Tree-hugging? No, just checking the girth of this gigantic Chestnut tree

DSC_0034 Walking through the quiet woods and the long, narrow paths of extinction, where the railway tracks once ran back and forth from the quarries to the docks, you can’t help but feel the earth move in a memory recording life pulsing in the earth. The track now loses interest as a cycleway up into the mountains. Though it’s a pleasant enough walk or bike ride that way, the thought of belching coal smoke and steam has a certain energy to it that may not be PC but I’d love to see it for myself just for a day. As a young climber I spent my weekends on the craggy climbs and on mountain support too. The youth hostels were full of climbers and young hippies. The industry of the region was hard as it was in industry throughout the working areas of Britain. Now it’s just a trace of what was. The docks do have working vessels that still transport slate and slate waste for road base and pathways and such. DSC_0030 Some search the mussel beds for seafood product, but for the main part all of that is minimal compared to the weekend sailing vessels, boat sales and so on. I like seeing the boat builders working on the boats when I am down there though. We talk tools and wood and vessels as we break from the routine to find common ground. Even in the quarry museum there is a lot to take in.
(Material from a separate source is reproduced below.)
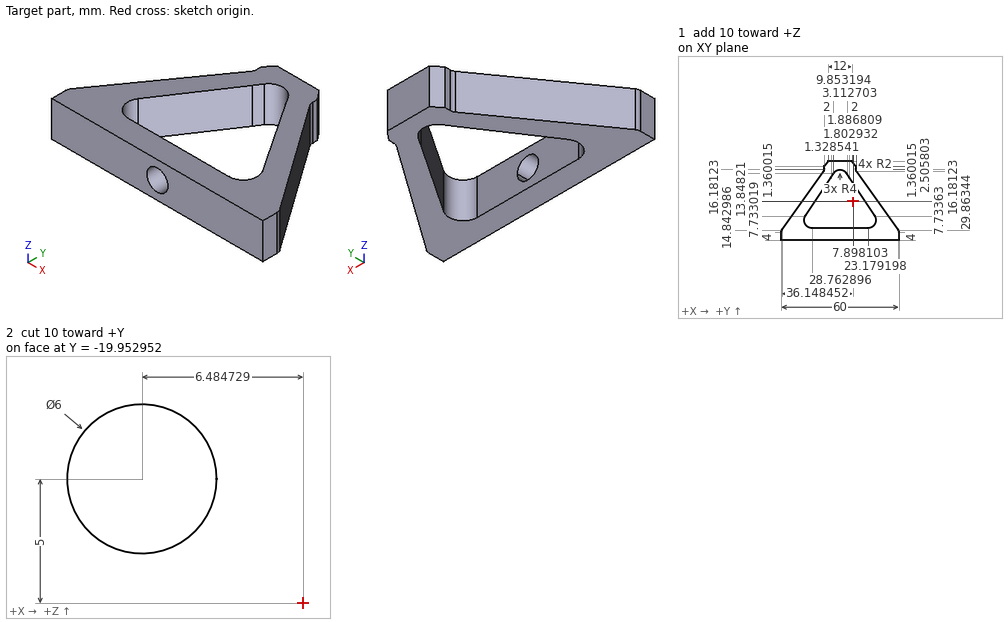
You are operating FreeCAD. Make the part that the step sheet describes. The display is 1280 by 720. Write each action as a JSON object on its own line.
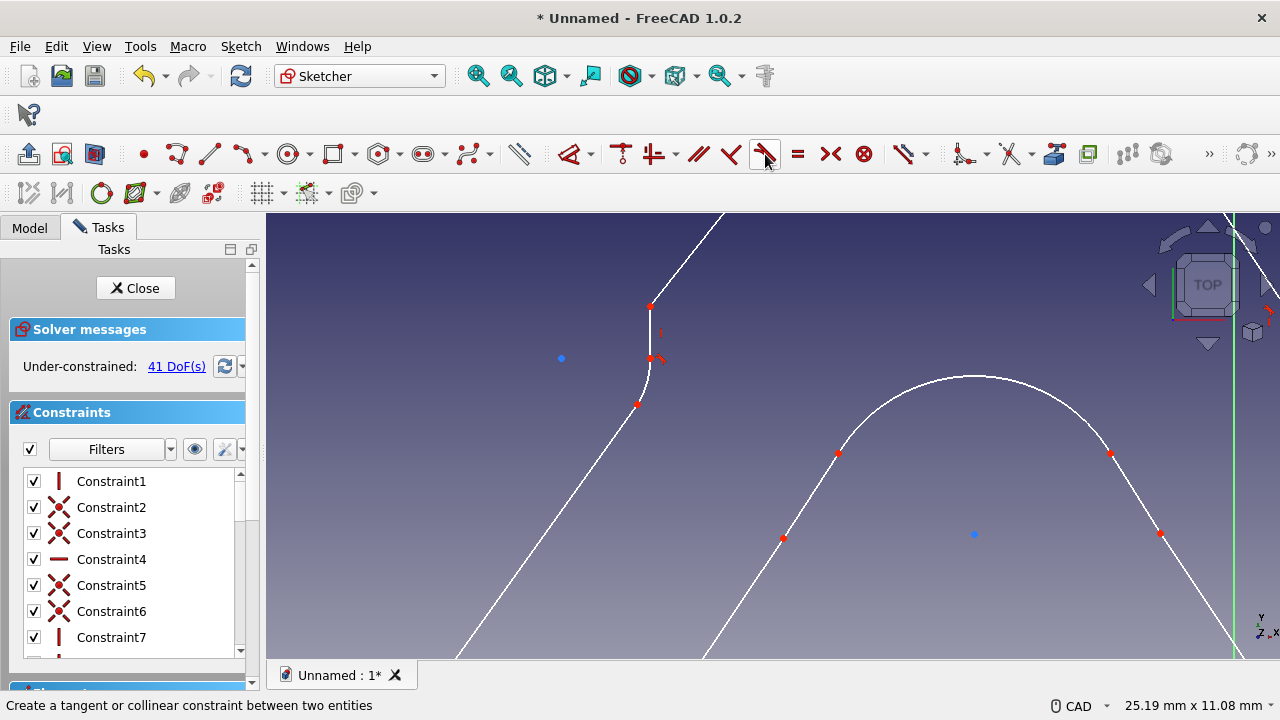
{"action": "scroll", "coordinate": [651, 324], "scroll_direction": "down", "scroll_amount": 9}

Pattern makers used their skills to make massive castings for interconnecting cogs used in pulley systems and water-driven wheels that then drove the machinery and equipment.

If you want to see an internal tour of the castle with me, go here

Local to the castle area there’s the village where I live, which was once owned by the Pennants as part of the estate. A self sufficient village with orchards and bee hives, gardens for vegetables, chickens, and livestock for meat, dairy, eggs and so on. It’s a pleasant place now deprived of its former life self sustained within families living there and so alien to today’s world of mass-grown food and excess.

5 Comments

  1. Would love to see the boat building, go hiking, etc. I’d love to learn to build small craft at some point.

  2. I always read your posts Paul everyday and love them. Just one problem, I can’t access the last previous post? Hope there isn’t a problem

  3. I cant help but wonder about the lives of people involved with these castles. When you think about how a small number of people managed to amass wealth that enabled them to build such impressive edifice and while others barely making it, it becomes a guilty pleasure to visit these castles and appreciate all the fine craftsmanship. But then again, these super rich lords may just have redeemed themselves by supporting arts and crafts and preserving them for the future generations.

    1. I think a lot of the bestowing of land and wealth was always at the expense of the working man who was really enslaved in some measure. The quarries did provide jobs, but men were away from home throughout the week and went home for Saturday evening and Sunday morning only. The owners of the manorial home had slaves on sugar plantations. So, money was made from sugar, slavery and slate. None of it to be proud of at all.

  4. For those interested in what happened at the working man’s end of the process, the ‘Treasure Maps’ blog has lots of accounts of visits to the quarries in the area, and shows the working conditins pf the men who made this sort of lifestyle possible.